Arcadia, which owns high street brands Topshop, Burton, Miss Selfridge and Dororthy Perkins, appointed joint administrators from Deloitte on Monday. 

The retail industry is a “chronically oversupplied market” and is changing at an unprecedented pace, Mr Hyman said.

“Given the change that’s happening, it really requires you to be able to analyse accurately what those changes are, what the implications are and to align your business accordingly. 

“That’s never been his strong suit. It’s never been his strong suit to take any advice from anyone either.”

He praised Sir Philip’s aptitude for striking deals and trading but said he had many weaknesses. 

“He saw getting the most out of the assets that he acquired as stripping every element of cost that he could out of the business and taking cash out now. 

“What he didn’t appreciate is that sometimes you have to leave some cash in to invest in tomorrow’s cash generation, not merely focus on today’s,” he said.

Earlier, Arcadia boss Ian Grabiner said that the “forced closure of our stores for prolonged periods, has severely impacted on trading across all of our brands.”

“Throughout this immensely challenging time our priority has been to protect jobs and preserve the financial stability of the group in the hope that we could ride out the pandemic and come out fighting on the other side. 

“Ultimately, however, in the face of the most difficult trading conditions we have ever experienced, the obstacles we encountered were far too severe,” he said.

The group employs 13,000 people, with some 9,294 members of staff on furlough. No redundancies have been announced and stores will continue to trade.

Joint administrator Matt Smith said lockdowns and “broader challenges facing bricks and mortar retailers” had caused a “critical funding requirement” and the administration.

Arcadia was acquired by Sir Philip in 2002 for £850 million. 
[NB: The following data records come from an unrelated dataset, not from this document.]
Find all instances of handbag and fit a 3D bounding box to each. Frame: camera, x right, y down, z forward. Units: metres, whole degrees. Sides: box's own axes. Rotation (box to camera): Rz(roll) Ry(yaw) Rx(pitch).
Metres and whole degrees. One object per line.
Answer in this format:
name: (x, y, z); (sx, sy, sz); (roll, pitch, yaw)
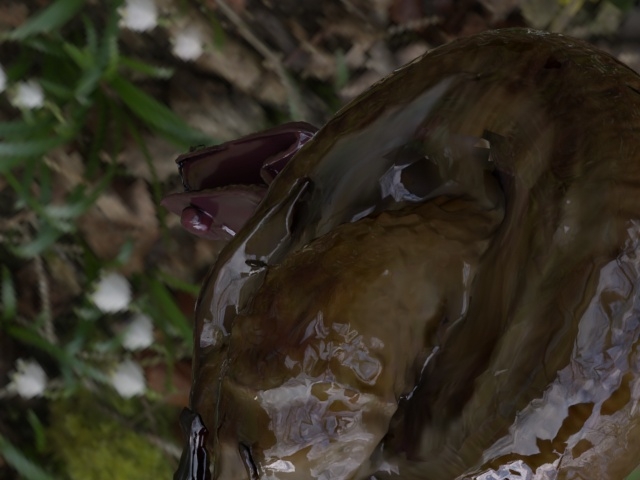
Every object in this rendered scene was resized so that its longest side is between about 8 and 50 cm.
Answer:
handbag: (-0.001, 0.003, 1.231); (0.203, 0.216, 0.074); (37, 69, -23)

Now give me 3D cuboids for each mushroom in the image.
mushroom: (0.051, 0.046, 0.776); (0.283, 0.263, 0.195); (-44, 130, -23)
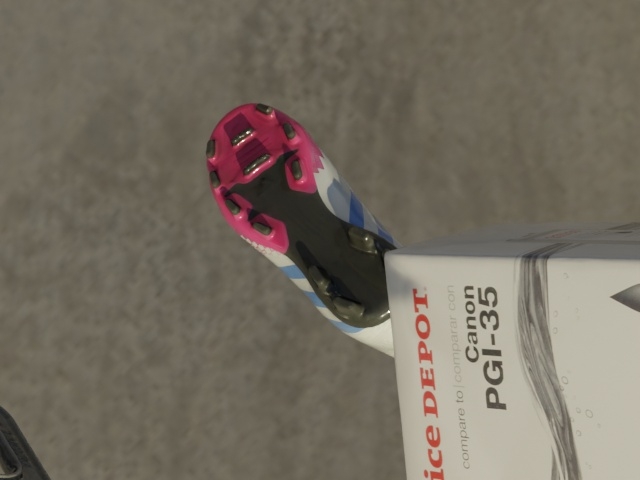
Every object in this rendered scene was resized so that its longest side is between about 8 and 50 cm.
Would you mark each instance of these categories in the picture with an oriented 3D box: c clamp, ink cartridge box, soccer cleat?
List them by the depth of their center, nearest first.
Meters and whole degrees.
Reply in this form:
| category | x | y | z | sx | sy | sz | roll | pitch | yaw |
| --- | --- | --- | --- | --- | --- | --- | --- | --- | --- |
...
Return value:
| category | x | y | z | sx | sy | sz | roll | pitch | yaw |
| --- | --- | --- | --- | --- | --- | --- | --- | --- | --- |
| c clamp | -0.217 | 0.110 | 1.113 | 0.137 | 0.022 | 0.161 | 16 | 16 | -27 |
| ink cartridge box | 0.180 | 0.099 | 1.113 | 0.117 | 0.283 | 0.207 | -13 | 99 | -44 |
| soccer cleat | 0.000 | 0.000 | 1.897 | 0.331 | 0.116 | 0.143 | 51 | 1 | 40 |
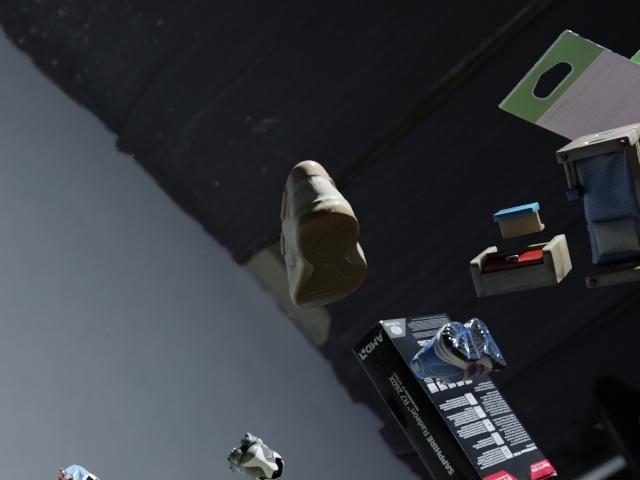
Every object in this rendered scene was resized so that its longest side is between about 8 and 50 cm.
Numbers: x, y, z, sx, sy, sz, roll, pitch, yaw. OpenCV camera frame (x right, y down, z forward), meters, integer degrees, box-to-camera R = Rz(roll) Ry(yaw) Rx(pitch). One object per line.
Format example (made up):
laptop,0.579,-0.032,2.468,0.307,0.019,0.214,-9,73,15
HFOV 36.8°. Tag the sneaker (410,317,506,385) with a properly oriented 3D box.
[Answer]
sneaker,0.198,0.161,1.369,0.211,0.081,0.080,18,41,-55

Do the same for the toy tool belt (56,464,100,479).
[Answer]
toy tool belt,-0.344,0.339,1.359,0.083,0.051,0.052,16,31,33

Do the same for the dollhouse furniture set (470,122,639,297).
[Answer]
dollhouse furniture set,0.224,-0.023,0.921,0.129,0.183,0.129,-25,101,-63

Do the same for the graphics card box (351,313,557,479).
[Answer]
graphics card box,0.240,0.307,1.737,0.232,0.094,0.371,-2,52,-51

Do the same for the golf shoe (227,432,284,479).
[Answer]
golf shoe,-0.111,0.401,1.720,0.094,0.077,0.198,35,-9,9

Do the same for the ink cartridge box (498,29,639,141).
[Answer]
ink cartridge box,0.384,-0.194,1.284,0.235,0.171,0.056,25,54,-9

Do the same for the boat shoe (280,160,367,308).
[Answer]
boat shoe,0.000,0.000,1.451,0.341,0.121,0.110,95,-22,-63
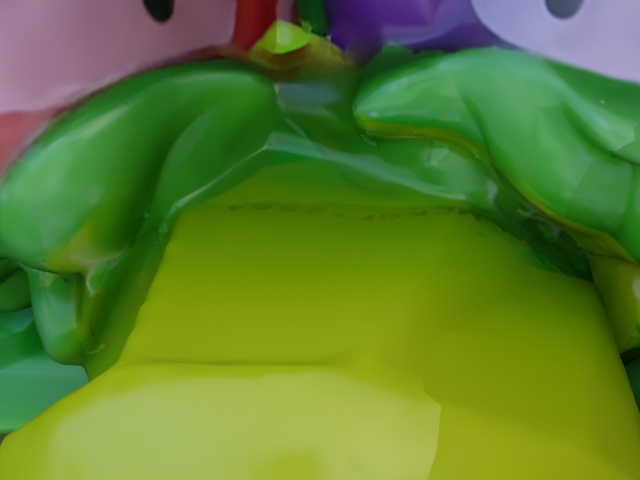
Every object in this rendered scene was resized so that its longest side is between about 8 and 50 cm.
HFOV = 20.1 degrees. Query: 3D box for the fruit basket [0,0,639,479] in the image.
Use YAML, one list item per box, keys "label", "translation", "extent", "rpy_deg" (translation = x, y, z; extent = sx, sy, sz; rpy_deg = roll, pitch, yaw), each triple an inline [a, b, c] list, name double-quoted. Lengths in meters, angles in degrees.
- label: "fruit basket"
  translation: [0.000, 0.000, 0.456]
  extent: [0.392, 0.283, 0.392]
  rpy_deg: [-4, 46, 4]
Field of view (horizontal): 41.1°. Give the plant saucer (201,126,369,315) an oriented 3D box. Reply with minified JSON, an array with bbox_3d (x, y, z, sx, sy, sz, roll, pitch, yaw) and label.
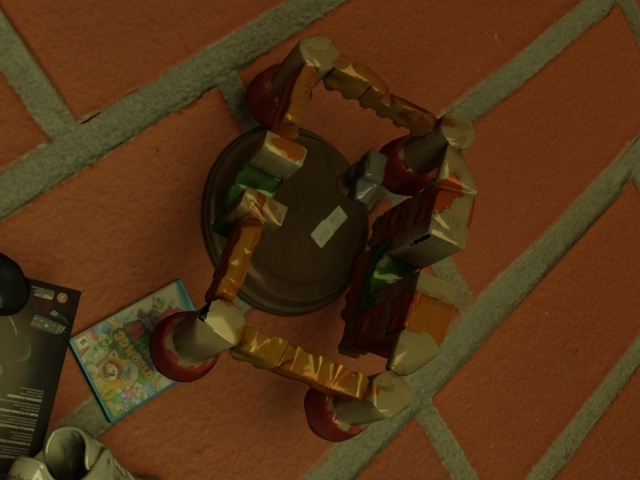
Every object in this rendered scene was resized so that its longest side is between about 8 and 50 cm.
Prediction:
[{"bbox_3d":[-0.037,-0.032,1.216,0.278,0.041,0.277,5,81,-34],"label":"plant saucer"}]

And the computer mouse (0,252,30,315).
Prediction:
[{"bbox_3d":[-0.355,-0.001,0.898,0.071,0.242,0.041,14,112,-40],"label":"computer mouse"}]

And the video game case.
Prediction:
[{"bbox_3d":[-0.223,0.138,1.088,0.166,0.015,0.119,-30,101,-32],"label":"video game case"}]

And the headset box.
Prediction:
[{"bbox_3d":[-0.405,0.170,0.906,0.218,0.110,0.293,20,74,-32],"label":"headset box"}]

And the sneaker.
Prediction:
[{"bbox_3d":[-0.236,0.276,0.928,0.305,0.114,0.152,21,77,-72],"label":"sneaker"}]

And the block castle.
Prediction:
[{"bbox_3d":[0.000,0.000,1.094,0.303,0.213,0.453,25,64,-17],"label":"block castle"}]

The company traces its history back to the Burton Group, a menswear brand launched in 1903 by Lithuanian émigré Meshe David Osinsky, who later changed his name to Montague Burton. 

Sir Montague, who launched the business at 18 with £100 he had borrowed, was knighted in 1931 for services to industrial relations and died in 1952.

Sir Philip was approached for comment through Arcadia but had not replied by the time of publication.